Relevant eigenvectors in a face image?

I am using PCA for face recognition. I have obtained the eigenvectors / eigenfaces for each image, which is a colomn matrix. I want to know if selecting the first three eigenvectors , since their corresponding eigenvalues amount to 70% of total variance, will be sufficient for face recognition?
Firstly, lets be clear about a few things. The eigenvectors are computed from the covariance matrix formed from the entire dataset i.e., you reshape each grayscale image of a face into a single column and treat it as a point in R^d space, compute the covariance matrix from them and compute the eigenvectors of the covariance matrix. These eigenvectors become a new basis for your space of face images. You do not have eigenvectors for each image. Instead, you represent each face image in terms of the eigenvectors by projecting onto (a possibly subset) of them.
Limitations of eigenfaces
As to whether the representation of your face images under this new basis good enough for face recognition depends on many factors. But in general, the eigenfaces method does not perform well for real world unconstrained faces. It only works for faces which are pixel-wise aligned, facing frontal, and has fairly uniform illumination conditions across the images.
More is not necessarily better
While it is commonly believed (when using PCA) that retaining more variance is better than less, things are much more complicated than that because of two factors: 1) Noise in real world data and 2) dimensionality of data. Sometimes projecting to a lower dimension and losing variance can actually produce better results.
Conclusion
Hence, my answer is it is difficult to say whether retaining a certain amount of variance is enough beforehand. The number of dimensions (and hence the number of eigenvectors to keep and the associated variance retained) should be determined by cross-validation. But ultimately, as I have mentioned above, eigenfaces is not a good method for face recognition unless you have a "nice" dataset. You might be slightly better off using "Fisherfaces" i.e., LDA on the face images or combine these methods with Local Binary Pattern (LBP) as features (instead of raw face pixels). But seriously, face recognition is a difficult problem and in general the state-of-the-art has not reached a stage where it can be deployed in real world systems.

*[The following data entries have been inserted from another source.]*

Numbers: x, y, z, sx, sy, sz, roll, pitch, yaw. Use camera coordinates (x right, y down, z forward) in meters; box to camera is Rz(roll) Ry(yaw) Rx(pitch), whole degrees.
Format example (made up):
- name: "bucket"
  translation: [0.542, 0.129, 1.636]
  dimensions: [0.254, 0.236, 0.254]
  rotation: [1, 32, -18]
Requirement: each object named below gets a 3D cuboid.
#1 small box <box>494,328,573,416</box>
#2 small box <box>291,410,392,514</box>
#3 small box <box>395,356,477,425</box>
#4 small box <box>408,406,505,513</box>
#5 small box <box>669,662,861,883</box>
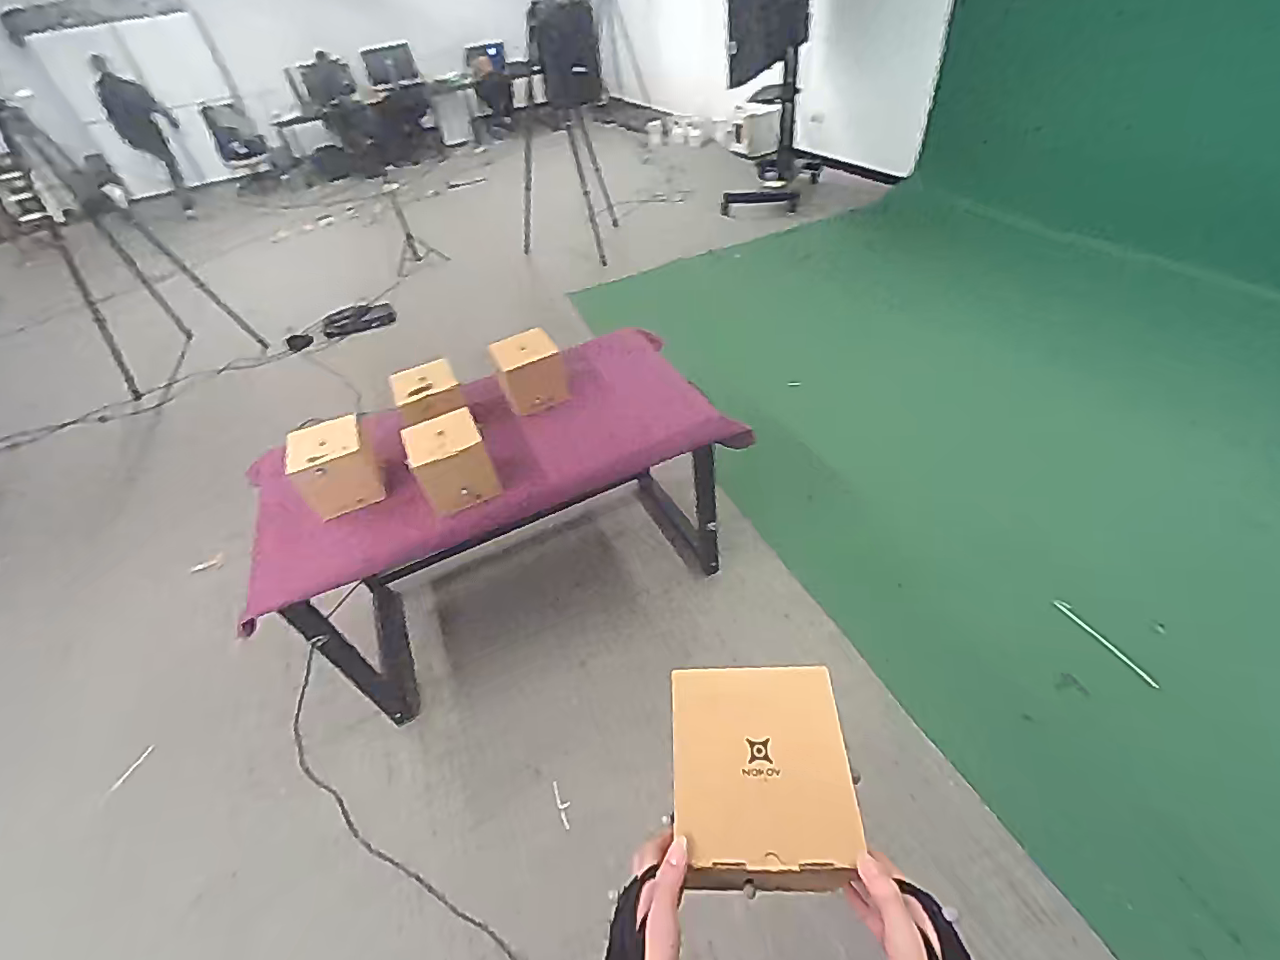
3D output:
- name: "small box"
  translation: [-0.313, -0.319, 1.599]
  dimensions: [0.168, 0.176, 0.179]
  rotation: [-24, 46, -14]
- name: "small box"
  translation: [-0.755, -0.044, 1.380]
  dimensions: [0.168, 0.176, 0.179]
  rotation: [-22, 45, -12]
- name: "small box"
  translation: [-0.571, -0.218, 1.534]
  dimensions: [0.168, 0.176, 0.179]
  rotation: [-22, 45, -14]
- name: "small box"
  translation: [-0.452, -0.050, 1.337]
  dimensions: [0.168, 0.176, 0.179]
  rotation: [-23, 44, -14]
- name: "small box"
  translation: [0.114, 0.313, 0.579]
  dimensions: [0.168, 0.176, 0.179]
  rotation: [-2, 49, 4]
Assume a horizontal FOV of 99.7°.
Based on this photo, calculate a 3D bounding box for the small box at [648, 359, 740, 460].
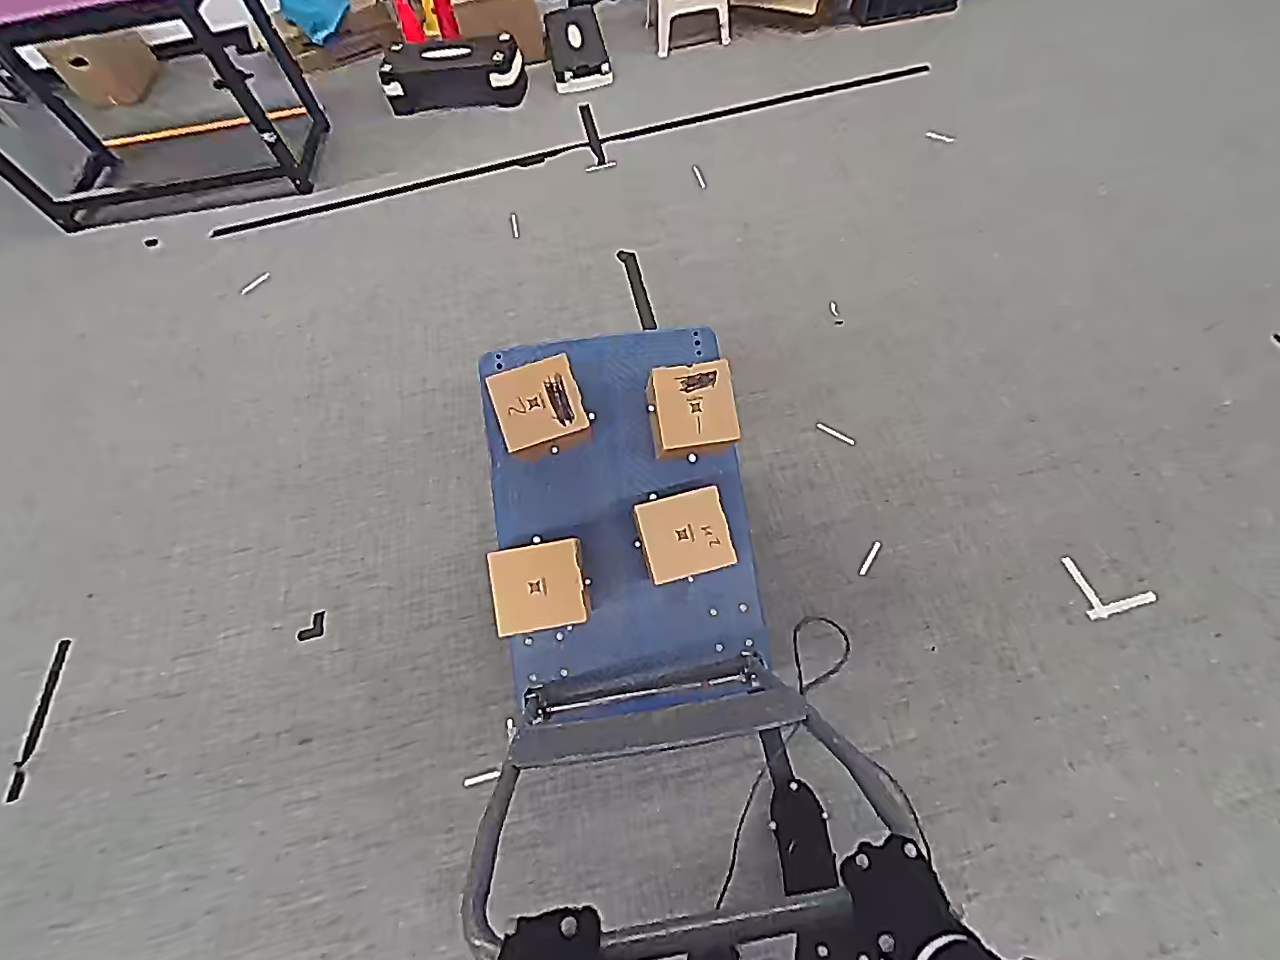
[{"bbox_3d":[0.113,-0.150,1.201,0.168,0.176,0.179,-8,84,-3],"label":"small box"}]

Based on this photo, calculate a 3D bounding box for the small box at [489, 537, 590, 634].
[{"bbox_3d":[-0.205,0.219,1.141,0.179,0.176,0.168,-10,83,-5],"label":"small box"}]

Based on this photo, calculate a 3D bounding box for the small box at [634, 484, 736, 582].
[{"bbox_3d":[0.089,0.117,1.166,0.179,0.176,0.168,-14,84,-4],"label":"small box"}]

It's not impossible, but a little rare to me that only 3 eigenvalues can achieve 70% variance. How many training samples do you have (what is the total dimension)? Make sure you are reshape each image from the database into a vector, normalize the vector data then align them into a matrix. The eigenvalues/eigenvectors are obtained from the covariance of the matrix.
In theory, 70% variance should be enough to form a human-recognizable face with the corresponding eigenvectors. However, the optimal number of eigenvalues is better to get from cross-validation: you can try to increase 1 eigenvector each time, observe the face formation and the recognition accuracy. You can even plot the cross validation accuracy curve, there may be a sharp corner on the curve, then the corresponding eigenvector number is hopefully applied in your test.